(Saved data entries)
· · · ·

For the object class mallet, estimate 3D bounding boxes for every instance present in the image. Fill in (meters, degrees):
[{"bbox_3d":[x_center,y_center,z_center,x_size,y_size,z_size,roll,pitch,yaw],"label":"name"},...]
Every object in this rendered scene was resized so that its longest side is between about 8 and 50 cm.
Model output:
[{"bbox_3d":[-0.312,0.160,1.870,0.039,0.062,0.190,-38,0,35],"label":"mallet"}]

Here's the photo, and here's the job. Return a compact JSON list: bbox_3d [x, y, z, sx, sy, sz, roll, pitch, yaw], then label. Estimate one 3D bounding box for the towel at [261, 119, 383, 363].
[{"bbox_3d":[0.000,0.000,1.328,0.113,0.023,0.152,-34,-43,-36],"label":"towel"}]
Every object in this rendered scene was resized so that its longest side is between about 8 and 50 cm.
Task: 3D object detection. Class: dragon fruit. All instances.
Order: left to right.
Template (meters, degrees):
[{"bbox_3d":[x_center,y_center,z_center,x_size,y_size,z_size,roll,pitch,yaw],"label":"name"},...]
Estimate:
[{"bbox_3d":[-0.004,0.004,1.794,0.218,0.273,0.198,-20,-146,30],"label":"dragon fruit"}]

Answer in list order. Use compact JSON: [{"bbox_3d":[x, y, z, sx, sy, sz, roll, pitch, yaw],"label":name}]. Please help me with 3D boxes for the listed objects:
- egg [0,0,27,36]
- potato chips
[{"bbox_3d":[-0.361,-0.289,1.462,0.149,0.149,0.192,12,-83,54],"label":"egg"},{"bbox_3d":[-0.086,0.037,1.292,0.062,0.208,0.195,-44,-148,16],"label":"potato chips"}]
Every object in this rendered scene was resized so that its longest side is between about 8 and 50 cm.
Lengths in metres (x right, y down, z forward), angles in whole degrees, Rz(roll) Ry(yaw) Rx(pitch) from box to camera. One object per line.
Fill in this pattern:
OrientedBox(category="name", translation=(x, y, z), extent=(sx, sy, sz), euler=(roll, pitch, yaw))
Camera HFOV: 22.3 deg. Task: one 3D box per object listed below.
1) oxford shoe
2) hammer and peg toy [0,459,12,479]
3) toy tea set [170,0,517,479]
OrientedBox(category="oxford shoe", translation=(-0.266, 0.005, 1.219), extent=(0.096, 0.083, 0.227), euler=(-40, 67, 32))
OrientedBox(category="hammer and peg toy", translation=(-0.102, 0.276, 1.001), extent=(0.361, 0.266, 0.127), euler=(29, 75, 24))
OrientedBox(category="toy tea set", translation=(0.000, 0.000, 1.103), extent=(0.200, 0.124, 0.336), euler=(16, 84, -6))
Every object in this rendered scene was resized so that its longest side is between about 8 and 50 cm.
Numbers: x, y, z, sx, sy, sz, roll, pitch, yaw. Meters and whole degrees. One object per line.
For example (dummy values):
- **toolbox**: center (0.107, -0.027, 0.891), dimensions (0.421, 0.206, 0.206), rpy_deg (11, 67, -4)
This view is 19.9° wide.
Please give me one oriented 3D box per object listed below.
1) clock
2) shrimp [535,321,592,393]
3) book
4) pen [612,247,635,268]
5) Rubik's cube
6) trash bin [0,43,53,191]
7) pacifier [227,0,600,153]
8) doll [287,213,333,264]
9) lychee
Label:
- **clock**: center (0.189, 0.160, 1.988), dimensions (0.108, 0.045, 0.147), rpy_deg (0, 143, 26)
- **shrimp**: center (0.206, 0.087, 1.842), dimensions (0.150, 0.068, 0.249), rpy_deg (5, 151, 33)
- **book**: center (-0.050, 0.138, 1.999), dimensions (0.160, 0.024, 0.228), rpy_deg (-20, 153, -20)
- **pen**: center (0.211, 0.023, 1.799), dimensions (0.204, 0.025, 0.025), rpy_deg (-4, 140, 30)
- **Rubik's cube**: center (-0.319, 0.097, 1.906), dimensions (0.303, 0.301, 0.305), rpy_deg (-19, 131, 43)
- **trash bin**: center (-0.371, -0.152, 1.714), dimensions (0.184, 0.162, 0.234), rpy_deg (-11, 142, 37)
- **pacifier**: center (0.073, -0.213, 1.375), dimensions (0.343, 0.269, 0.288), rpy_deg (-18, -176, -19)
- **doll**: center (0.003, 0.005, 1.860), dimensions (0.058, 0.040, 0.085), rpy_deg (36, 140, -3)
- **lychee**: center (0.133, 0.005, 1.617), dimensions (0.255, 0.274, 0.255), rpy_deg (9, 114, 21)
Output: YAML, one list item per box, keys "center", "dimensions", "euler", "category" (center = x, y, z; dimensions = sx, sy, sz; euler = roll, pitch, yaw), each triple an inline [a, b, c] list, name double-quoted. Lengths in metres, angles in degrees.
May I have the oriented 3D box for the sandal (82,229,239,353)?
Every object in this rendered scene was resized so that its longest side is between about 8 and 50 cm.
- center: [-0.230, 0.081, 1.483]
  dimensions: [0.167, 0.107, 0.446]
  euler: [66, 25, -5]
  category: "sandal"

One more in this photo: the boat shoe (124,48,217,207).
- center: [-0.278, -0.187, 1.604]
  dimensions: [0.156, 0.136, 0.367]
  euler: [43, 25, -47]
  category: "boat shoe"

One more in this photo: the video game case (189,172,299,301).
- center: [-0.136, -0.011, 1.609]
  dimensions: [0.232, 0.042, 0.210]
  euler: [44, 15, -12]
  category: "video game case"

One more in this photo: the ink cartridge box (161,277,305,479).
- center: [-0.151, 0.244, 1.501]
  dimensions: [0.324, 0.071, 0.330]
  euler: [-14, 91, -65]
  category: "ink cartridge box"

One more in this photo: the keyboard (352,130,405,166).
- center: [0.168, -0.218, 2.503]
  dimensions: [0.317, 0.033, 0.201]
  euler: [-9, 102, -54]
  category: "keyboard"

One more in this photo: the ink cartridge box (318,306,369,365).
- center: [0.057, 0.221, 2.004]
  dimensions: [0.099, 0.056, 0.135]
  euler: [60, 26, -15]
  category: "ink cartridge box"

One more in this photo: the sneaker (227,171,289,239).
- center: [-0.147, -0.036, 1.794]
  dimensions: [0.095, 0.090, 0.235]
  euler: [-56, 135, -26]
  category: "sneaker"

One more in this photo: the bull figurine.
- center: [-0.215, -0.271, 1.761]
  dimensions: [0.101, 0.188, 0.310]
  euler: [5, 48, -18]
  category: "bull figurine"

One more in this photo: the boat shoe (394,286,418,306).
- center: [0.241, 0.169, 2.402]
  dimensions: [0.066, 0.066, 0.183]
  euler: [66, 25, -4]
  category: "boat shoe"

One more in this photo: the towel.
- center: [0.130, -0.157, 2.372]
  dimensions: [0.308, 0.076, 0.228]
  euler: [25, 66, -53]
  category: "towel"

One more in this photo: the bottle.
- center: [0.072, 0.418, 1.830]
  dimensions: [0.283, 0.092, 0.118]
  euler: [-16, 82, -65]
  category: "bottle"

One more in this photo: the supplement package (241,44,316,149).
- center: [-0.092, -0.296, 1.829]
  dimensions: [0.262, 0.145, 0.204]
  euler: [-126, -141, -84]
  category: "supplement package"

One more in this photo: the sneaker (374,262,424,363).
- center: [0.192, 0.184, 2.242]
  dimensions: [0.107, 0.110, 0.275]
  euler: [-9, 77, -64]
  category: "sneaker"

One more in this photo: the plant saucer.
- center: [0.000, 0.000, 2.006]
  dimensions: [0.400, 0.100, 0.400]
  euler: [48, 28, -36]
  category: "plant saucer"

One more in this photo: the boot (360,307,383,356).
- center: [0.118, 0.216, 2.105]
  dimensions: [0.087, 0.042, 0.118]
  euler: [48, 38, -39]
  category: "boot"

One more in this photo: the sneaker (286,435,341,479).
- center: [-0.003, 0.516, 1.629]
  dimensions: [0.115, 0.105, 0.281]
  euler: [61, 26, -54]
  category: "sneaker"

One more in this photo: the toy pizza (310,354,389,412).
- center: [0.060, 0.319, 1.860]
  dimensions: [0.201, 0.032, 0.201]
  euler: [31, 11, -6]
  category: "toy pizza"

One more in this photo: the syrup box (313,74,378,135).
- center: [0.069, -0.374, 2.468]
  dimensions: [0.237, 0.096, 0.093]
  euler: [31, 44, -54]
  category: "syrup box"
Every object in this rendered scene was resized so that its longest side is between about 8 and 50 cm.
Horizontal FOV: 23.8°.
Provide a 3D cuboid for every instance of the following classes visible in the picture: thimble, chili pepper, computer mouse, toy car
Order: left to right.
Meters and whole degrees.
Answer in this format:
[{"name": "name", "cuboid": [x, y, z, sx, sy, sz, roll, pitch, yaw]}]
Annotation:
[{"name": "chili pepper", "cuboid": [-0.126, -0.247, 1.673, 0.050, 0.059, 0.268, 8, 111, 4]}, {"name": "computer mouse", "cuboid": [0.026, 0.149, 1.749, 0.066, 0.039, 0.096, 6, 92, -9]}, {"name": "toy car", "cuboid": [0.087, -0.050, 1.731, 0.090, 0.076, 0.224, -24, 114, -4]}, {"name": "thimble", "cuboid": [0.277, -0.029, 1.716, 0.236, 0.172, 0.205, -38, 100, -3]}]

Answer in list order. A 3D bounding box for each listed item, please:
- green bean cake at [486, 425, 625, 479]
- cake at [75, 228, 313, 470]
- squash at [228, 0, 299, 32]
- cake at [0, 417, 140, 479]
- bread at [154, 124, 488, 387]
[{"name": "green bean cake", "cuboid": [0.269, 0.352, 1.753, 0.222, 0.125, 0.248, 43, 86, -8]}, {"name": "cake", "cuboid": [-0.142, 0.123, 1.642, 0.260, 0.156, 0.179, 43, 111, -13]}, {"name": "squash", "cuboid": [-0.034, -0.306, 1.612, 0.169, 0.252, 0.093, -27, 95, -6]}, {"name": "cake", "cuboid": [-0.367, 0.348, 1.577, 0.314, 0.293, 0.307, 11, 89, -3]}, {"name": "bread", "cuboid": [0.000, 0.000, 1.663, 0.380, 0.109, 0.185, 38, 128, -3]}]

· · · ·

> [What the task asks]: For this exercise, output exactly the lines above from the line with "- green bean cake at [486, 425, 625, 479]" to the line with "- cake at [0, 417, 140, 479]", counting both, and leave out the rest.

> [Your solution]:
- green bean cake at [486, 425, 625, 479]
- cake at [75, 228, 313, 470]
- squash at [228, 0, 299, 32]
- cake at [0, 417, 140, 479]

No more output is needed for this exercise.